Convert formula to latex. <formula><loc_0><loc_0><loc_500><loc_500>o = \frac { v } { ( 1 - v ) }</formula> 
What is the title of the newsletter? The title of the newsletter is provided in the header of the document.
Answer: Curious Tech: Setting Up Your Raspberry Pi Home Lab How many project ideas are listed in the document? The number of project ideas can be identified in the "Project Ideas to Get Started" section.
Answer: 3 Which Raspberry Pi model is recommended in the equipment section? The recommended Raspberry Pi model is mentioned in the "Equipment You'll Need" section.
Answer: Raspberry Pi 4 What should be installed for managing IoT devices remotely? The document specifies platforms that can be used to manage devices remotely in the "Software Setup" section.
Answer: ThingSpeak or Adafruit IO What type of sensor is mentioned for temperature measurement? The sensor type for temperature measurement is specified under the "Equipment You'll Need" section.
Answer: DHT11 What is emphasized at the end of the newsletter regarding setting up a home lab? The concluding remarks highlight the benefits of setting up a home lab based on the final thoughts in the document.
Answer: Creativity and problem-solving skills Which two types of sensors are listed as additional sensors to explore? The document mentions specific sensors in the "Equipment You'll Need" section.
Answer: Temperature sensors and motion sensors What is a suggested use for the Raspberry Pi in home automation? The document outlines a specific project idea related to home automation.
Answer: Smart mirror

...

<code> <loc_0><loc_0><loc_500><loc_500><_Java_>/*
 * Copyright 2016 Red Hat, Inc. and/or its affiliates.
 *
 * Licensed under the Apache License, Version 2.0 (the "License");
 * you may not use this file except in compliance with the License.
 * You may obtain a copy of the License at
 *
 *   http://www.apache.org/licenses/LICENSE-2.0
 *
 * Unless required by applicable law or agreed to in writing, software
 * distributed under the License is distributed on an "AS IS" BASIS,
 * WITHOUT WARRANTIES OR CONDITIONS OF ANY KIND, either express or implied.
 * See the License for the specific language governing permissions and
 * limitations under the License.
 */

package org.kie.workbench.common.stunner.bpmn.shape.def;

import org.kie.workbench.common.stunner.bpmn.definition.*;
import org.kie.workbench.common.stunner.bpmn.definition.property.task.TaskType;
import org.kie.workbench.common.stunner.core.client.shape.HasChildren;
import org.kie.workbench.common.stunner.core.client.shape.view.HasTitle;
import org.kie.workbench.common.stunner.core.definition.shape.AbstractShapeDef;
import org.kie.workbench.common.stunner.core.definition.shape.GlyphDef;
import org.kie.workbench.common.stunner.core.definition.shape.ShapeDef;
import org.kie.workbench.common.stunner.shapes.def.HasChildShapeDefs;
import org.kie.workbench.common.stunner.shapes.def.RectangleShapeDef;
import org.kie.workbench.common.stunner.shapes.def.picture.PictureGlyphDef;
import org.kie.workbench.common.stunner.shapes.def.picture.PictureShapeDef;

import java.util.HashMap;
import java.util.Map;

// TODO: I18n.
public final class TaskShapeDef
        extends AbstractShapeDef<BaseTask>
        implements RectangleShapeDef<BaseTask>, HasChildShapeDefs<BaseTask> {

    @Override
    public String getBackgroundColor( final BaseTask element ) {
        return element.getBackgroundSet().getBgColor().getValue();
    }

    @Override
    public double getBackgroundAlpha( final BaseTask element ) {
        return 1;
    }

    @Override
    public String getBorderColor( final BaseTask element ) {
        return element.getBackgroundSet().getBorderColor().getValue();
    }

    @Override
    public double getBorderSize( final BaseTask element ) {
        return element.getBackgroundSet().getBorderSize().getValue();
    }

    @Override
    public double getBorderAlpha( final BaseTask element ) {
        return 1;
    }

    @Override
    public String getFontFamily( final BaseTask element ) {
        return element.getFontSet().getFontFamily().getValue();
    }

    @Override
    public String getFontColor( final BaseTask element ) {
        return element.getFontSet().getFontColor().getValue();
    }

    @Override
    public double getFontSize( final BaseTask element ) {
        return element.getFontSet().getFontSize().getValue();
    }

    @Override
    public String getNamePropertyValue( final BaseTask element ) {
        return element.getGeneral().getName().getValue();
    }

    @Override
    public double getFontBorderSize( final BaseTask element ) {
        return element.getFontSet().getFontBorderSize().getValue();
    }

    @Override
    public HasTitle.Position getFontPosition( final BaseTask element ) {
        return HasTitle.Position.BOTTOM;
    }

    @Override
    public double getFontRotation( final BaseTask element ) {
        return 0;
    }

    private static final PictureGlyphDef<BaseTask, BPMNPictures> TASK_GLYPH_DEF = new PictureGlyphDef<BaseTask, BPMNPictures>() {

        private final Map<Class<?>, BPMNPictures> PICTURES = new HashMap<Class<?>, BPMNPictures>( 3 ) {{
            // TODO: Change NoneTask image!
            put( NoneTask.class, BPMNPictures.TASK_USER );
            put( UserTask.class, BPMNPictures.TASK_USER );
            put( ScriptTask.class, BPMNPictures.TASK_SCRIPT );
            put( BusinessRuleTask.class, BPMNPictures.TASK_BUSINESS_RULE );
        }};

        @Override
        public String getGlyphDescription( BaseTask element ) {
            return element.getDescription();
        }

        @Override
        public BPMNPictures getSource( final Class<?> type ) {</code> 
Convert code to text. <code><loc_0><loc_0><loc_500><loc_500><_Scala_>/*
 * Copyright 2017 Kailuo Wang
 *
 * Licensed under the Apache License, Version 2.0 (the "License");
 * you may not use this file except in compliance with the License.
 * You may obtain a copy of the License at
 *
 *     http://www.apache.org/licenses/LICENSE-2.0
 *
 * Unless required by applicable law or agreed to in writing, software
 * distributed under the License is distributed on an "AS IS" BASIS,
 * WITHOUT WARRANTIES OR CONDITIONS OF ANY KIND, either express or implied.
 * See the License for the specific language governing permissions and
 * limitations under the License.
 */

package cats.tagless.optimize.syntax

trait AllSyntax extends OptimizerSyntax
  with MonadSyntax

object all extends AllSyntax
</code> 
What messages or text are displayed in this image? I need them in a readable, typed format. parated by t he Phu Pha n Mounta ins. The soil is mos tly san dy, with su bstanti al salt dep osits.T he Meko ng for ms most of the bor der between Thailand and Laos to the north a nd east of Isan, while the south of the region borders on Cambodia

...

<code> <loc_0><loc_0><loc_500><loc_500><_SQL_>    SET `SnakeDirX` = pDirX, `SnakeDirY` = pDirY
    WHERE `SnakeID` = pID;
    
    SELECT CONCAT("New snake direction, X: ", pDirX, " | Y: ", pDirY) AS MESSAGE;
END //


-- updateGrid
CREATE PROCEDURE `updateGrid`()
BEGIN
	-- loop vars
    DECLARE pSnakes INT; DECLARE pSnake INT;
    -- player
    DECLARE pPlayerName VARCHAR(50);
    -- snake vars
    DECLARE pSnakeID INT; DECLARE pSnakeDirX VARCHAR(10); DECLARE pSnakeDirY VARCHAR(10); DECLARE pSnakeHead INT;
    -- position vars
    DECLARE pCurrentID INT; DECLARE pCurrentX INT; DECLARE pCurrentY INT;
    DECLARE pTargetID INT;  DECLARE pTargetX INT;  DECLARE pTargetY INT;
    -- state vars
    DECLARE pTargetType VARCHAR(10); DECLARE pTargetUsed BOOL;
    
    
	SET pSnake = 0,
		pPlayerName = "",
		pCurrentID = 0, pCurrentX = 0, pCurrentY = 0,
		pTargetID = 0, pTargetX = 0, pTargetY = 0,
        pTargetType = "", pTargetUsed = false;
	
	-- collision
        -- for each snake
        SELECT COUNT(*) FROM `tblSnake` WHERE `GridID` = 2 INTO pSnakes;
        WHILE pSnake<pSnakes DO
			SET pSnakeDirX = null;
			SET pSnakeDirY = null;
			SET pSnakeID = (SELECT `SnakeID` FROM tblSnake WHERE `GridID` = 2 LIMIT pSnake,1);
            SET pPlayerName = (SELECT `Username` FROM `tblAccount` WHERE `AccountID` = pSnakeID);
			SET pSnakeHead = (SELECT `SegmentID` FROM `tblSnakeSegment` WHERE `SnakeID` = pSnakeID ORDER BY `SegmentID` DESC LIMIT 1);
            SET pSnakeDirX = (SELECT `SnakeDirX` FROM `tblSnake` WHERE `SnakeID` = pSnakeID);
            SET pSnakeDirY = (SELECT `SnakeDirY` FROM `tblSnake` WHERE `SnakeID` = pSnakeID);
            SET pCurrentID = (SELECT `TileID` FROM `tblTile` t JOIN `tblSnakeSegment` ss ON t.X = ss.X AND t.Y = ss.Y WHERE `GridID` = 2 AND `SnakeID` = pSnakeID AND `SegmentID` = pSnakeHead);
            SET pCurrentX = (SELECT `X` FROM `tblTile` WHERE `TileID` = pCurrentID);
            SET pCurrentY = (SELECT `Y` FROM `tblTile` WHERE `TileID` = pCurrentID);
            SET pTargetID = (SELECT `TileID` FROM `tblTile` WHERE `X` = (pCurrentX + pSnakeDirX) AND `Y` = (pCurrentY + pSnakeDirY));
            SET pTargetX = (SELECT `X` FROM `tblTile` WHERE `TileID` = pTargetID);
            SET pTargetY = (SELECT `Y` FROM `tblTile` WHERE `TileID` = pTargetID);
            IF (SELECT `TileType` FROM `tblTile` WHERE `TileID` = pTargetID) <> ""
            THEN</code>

=== The task ===
Once you find the line with "public double getFontRotation( final" above, print it and every line after it up to and including the line with "Change NoneTask image!", exactly as written and nothing else.

=== Response below ===
    public double getFontRotation( final BaseTask element ) {
        return 0;
    }

    private static final PictureGlyphDef<BaseTask, BPMNPictures> TASK_GLYPH_DEF = new PictureGlyphDef<BaseTask, BPMNPictures>() {

        private final Map<Class<?>, BPMNPictures> PICTURES = new HashMap<Class<?>, BPMNPictures>( 3 ) {{
            // TODO: Change NoneTask image!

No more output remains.